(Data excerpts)
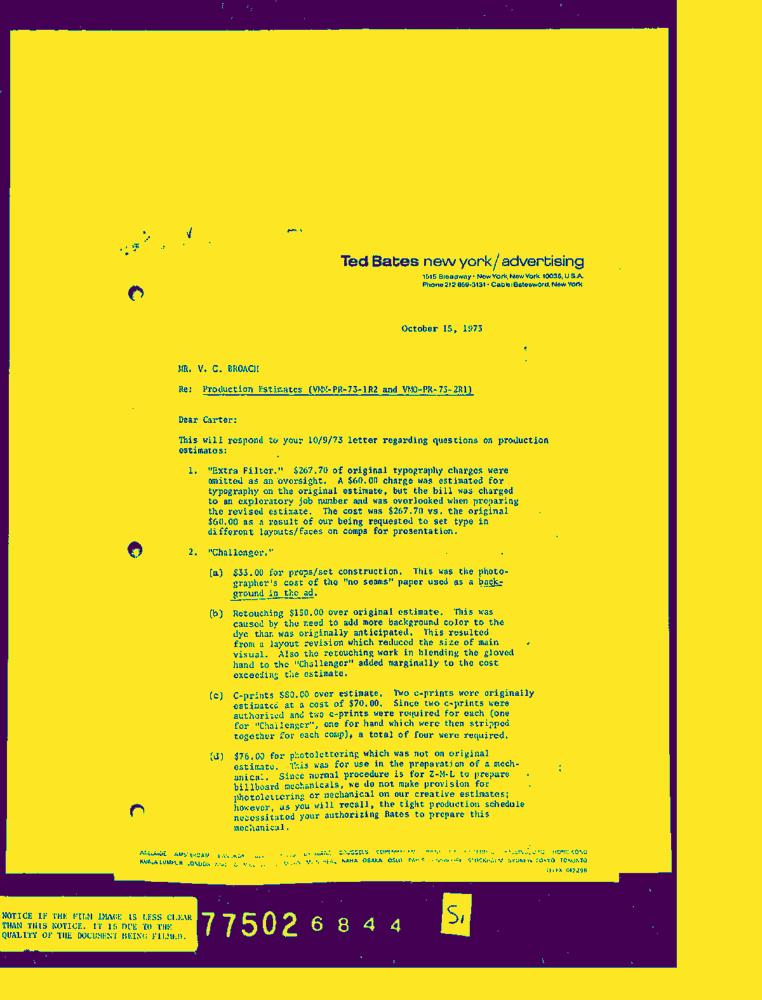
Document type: Letter-Doc
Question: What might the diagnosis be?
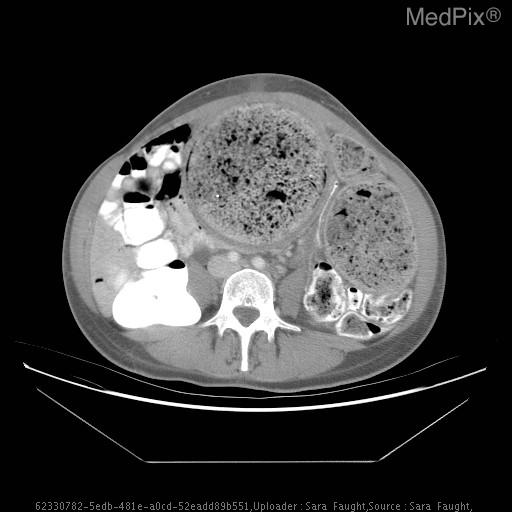
Answer: The possible diagnosis includes DDX for Mottled Gas Pattern on Plain film:
*Stool
*Abscess
*Sponge
*Bezoar

DDX for Constipation:
*Poor Diet
*Poor Bowel Habits
*Hirschsprung's Disease
*Medications: Iron, antacids, narcotic pain meds...
*Laxative abuse
*Anal Fissures.
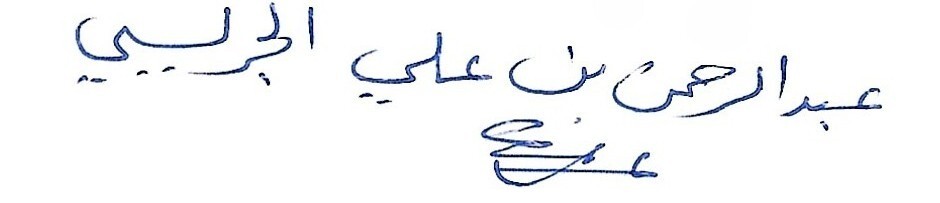
Signature of: q12224150
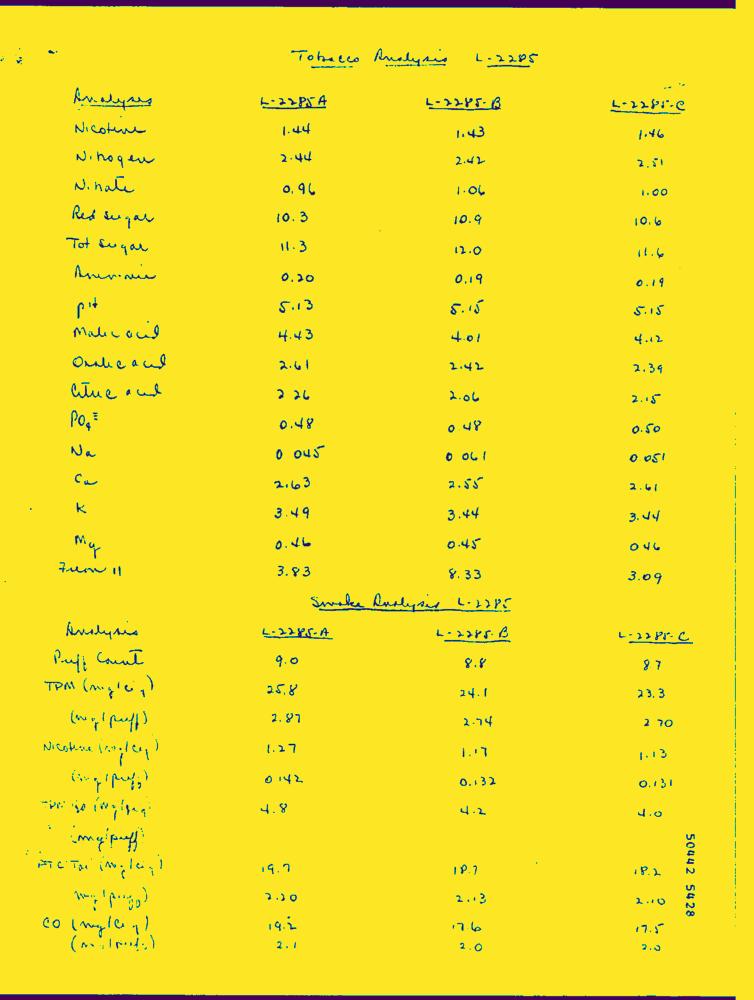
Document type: Hand-Written
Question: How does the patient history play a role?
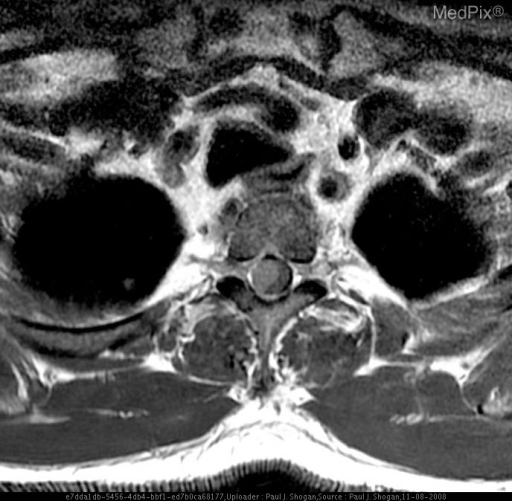
Answer: The patient's history of 56 yo male with 24 month history of gradually worsening upper back pain. is key in understanding the case.
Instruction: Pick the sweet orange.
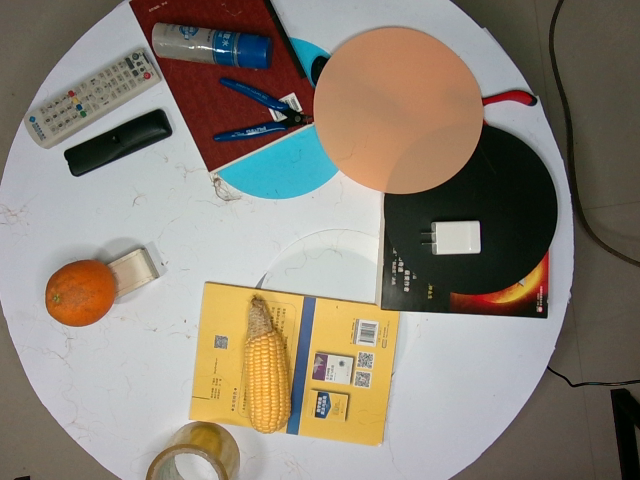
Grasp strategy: vertical
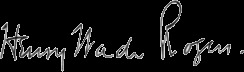
Signature of: henry wade rogers
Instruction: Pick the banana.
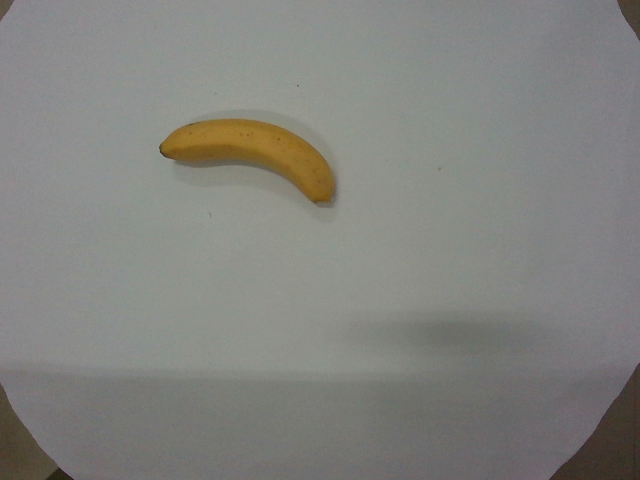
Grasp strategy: vertical

EXERCISE DESCRIPTION - Each entry should be copied exactly as written, though any pictures stay out.

RESULT OF THIS TASK -
Document type: Letter-Doc
Question: What might the diagnosis be?
Answer: The possible diagnosis includes DDX for Mottled Gas Pattern on Plain film:
*Stool
*Abscess
*Sponge
*Bezoar

DDX for Constipation:
*Poor Diet
*Poor Bowel Habits
*Hirschsprung's Disease
*Medications: Iron, antacids, narcotic pain meds...
*Laxative abuse
*Anal Fissures.
Signature of: q12224150
Document type: Hand-Written
Question: How does the patient history play a role?
Answer: The patient's history of 56 yo male with 24 month history of gradually worsening upper back pain. is key in understanding the case.
Instruction: Pick the sweet orange.
Grasp strategy: vertical
Signature of: henry wade rogers
Instruction: Pick the banana.
Grasp strategy: vertical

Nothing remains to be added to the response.